Biel fue diagnosticada con cáncer de mama. Luego de varias licencias debido a su enfermedad, fue despedida al concluirse por la escuela su pobre desempeño profesional, así como fallas en el cumplimiento de los currículos académicos y en el mantenimiento del orden en el salón de clase. Demandó la decisión al considerar que el motivo del despido fueron las ausencias derivadas del tratamiento del cáncer. Biel falleció durante el proceso judicial. 

Ambas escuelas plantearon el mismo argumento de defensa: en la decisión Hossana-Tarbor Evangelical Lutheran Church and School v. EEOC de 2012, la Corte Suprema de los Estados Unidos reconoció la excepción ministerial (en adelante EM), antes aplicada por tribunales de circuito en la jurisdicción federal. De acuerdo con esta doctrina, del mandato contenido en la primera enmienda, particularmente el de libre ejercicio de la religión y la correlativa prohibición del Estado de inmiscuirse en los entes religiosos, se deriva la imposibilidad de cuestionar judicialmente las decisiones de las iglesias sobre la elección de sus ministros. Así, como las profesoras no solo ejercían como docentes de materias regulares sino que enseñaban la asignatura de religión y acompañaban a sus estudiantes a la misa y otros sacramentos, entonces se insertaban dentro del concepto de ministras religiosas. 

Ambos tribunales federales de circuito desestimaron los argumentos de las escuelas porque no se cumplían las condiciones para la aplicación de la EM conforme a Hossana-Tabor. En ese caso, Cheryl Perich -demandante en dicha decisión- no solo era una profesora de una escuela religiosa, sino que tenía formación específica en teología, había sido investida como ministra y no hacía parte del grupo de profesores laicos sino de aquellos con funciones ministeriales definidas. Estas condiciones no estaban presentes en los casos de Morrissey y Biel, quienes carecían de esa investidura y cuyas funciones se concentraban en impartir conocimientos en materias regulares y con una participación menor en el campo religioso. 

La Corte Suprema revocó la decisiones de los tribunales de circuito en la sentencia Our Lady of Guadalupe v.
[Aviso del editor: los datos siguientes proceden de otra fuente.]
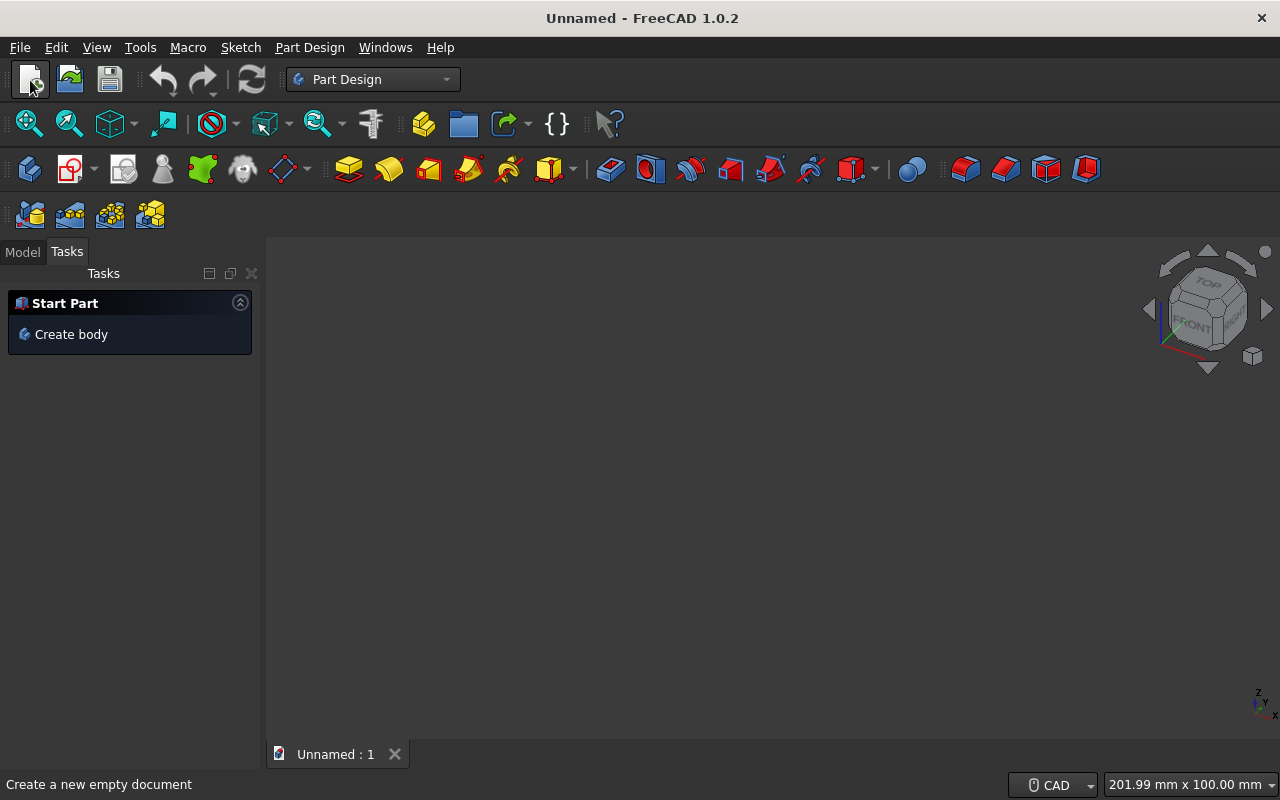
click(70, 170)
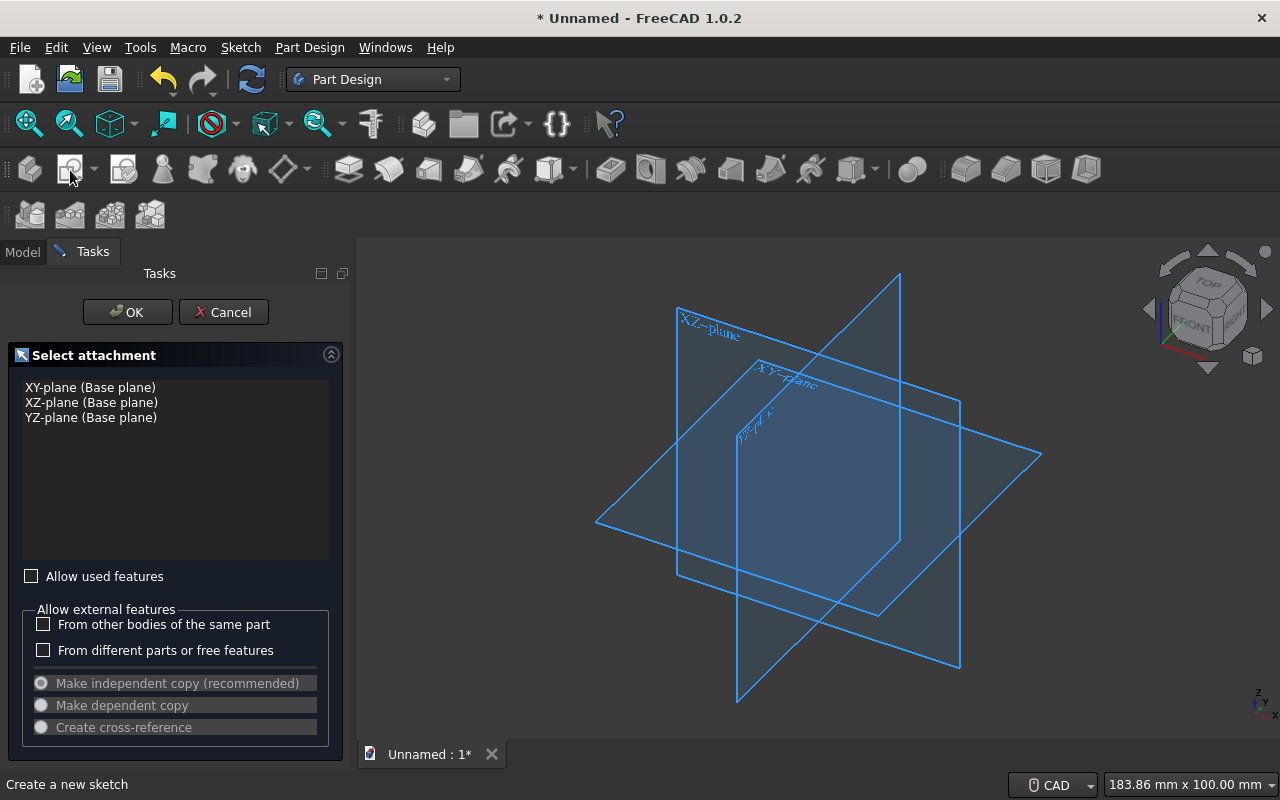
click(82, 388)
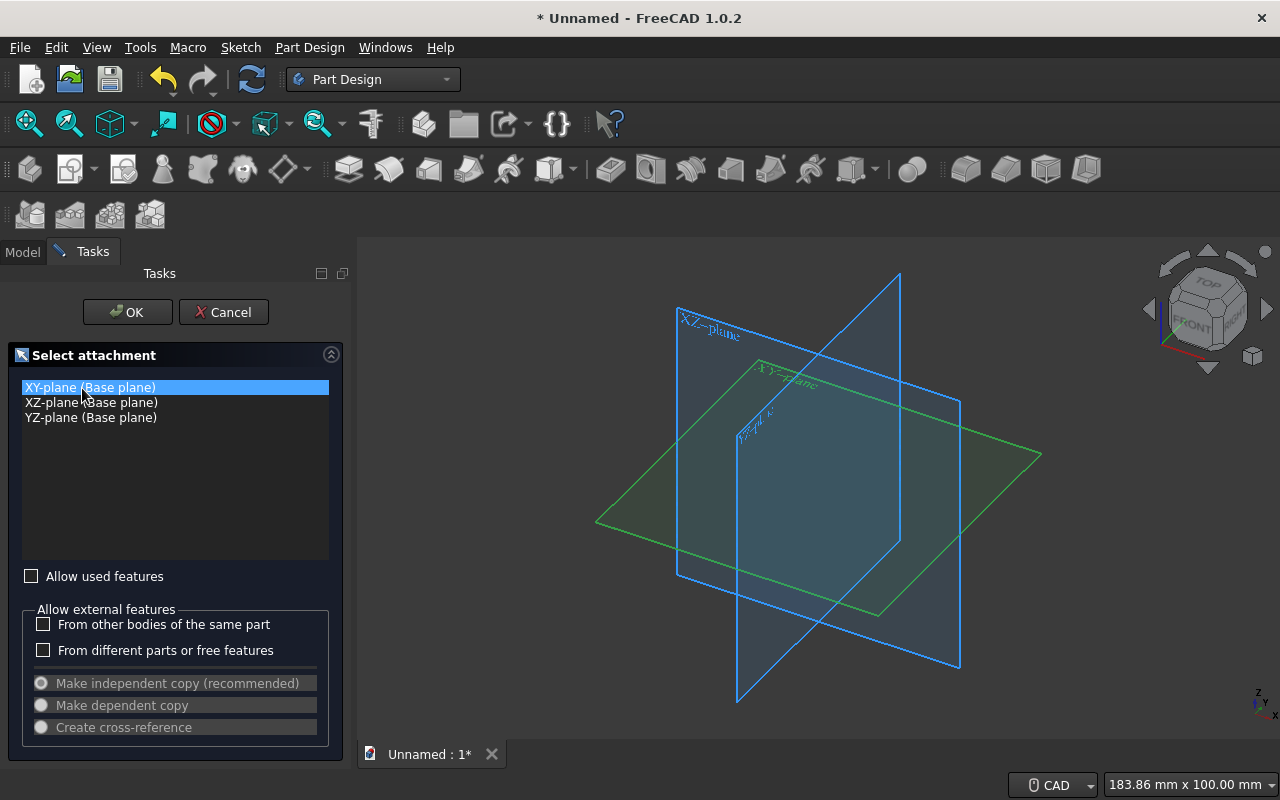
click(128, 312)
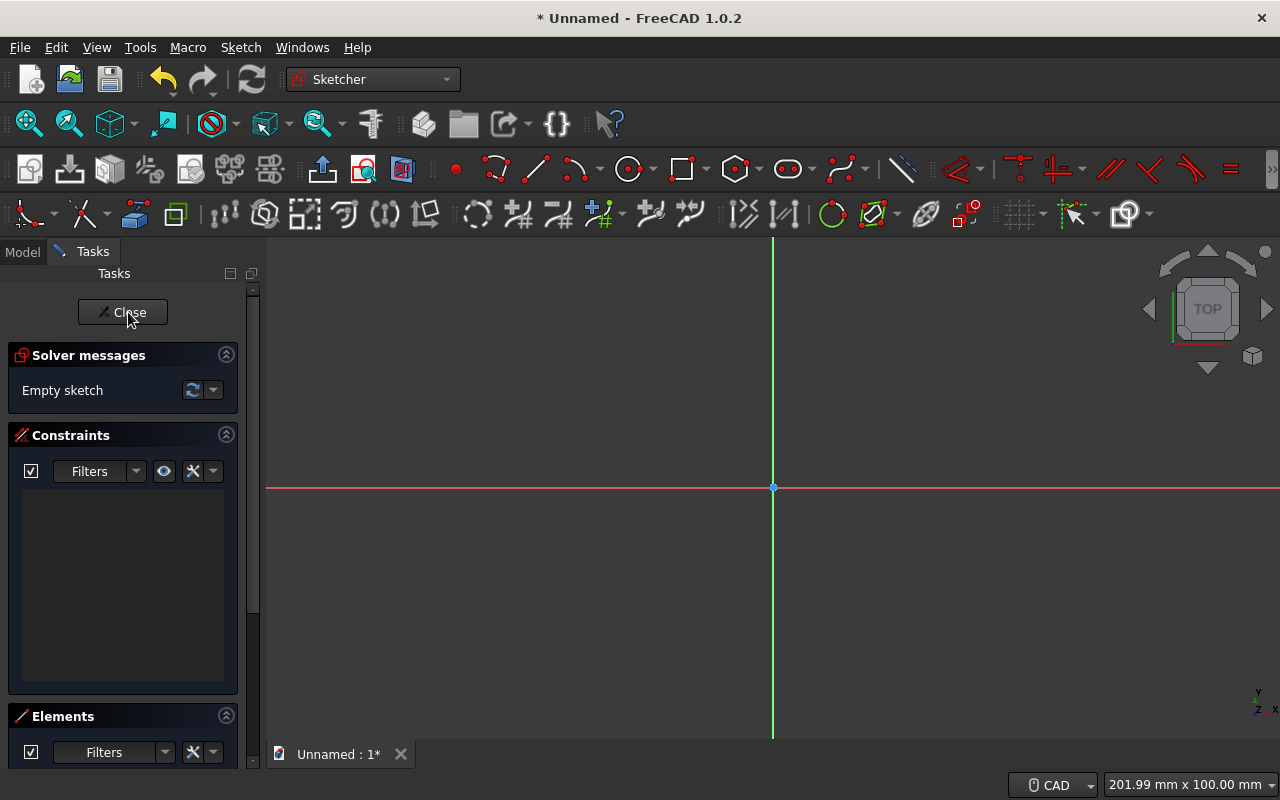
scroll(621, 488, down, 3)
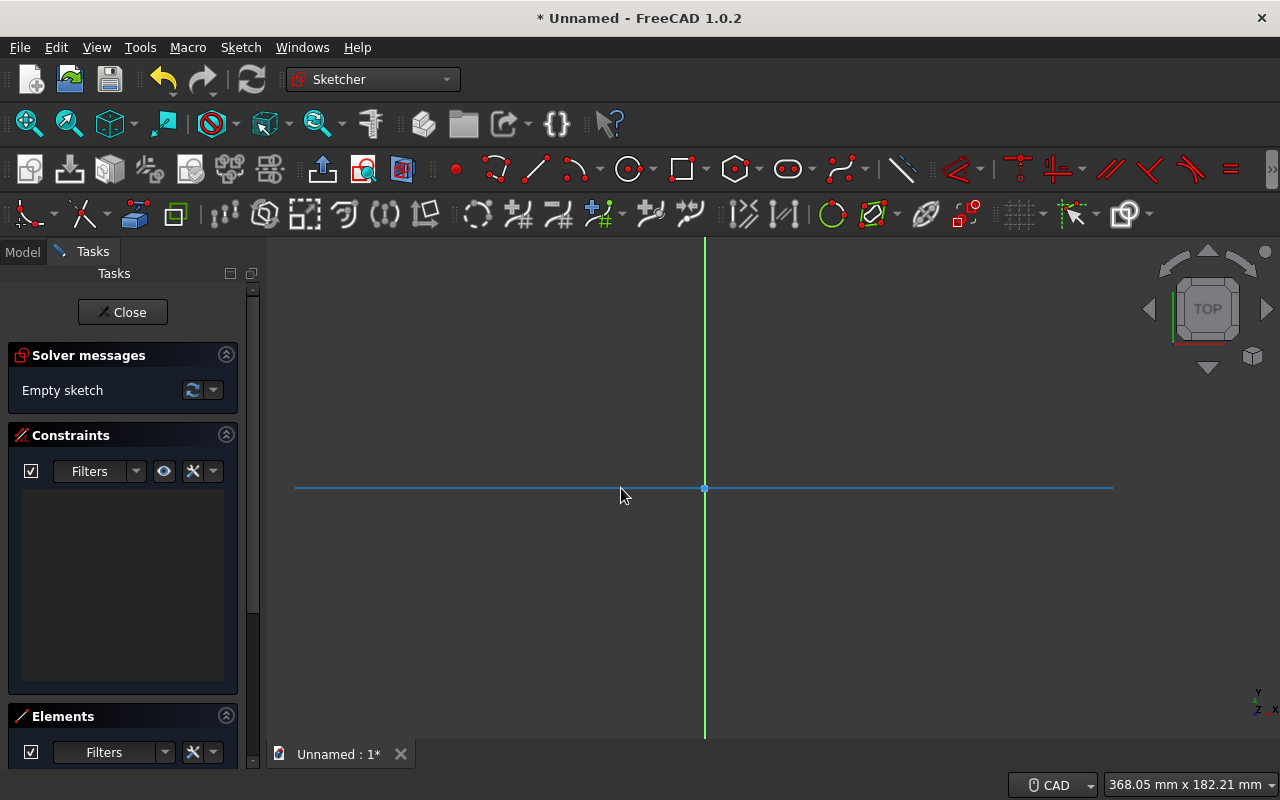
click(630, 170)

Morrissey-Berru de 2020, (en adelante OLG) y consideró que en ambos casos era aplicable la EM. 

La Corte llegó a la conclusión de que los tribunales de circuito hicieron una interpretación demasiado estrecha y estricta de la EM. Estimó que la primera enmienda debía ser interpretada de modo que el Estado no se inmiscuyera en la práctica religiosa, lo que implica la prohibición a los jueces de definir sobre quién debe ser considerado como “ministro” dentro de un credo particular. Esto no solo por el hecho de que esa categoría se inserta en la órbita de la autonomía de las iglesias, sino también porque el concepto de “ministro” no se puede entender desde el punto de vista nominal, pues varios credos carecen de esa jerarquía. En ese orden de ideas, para la Corte es erróneo sostener que la aplicación de la EM depende de que el trabajador tenga esa denominación, sino del análisis material de sus funciones.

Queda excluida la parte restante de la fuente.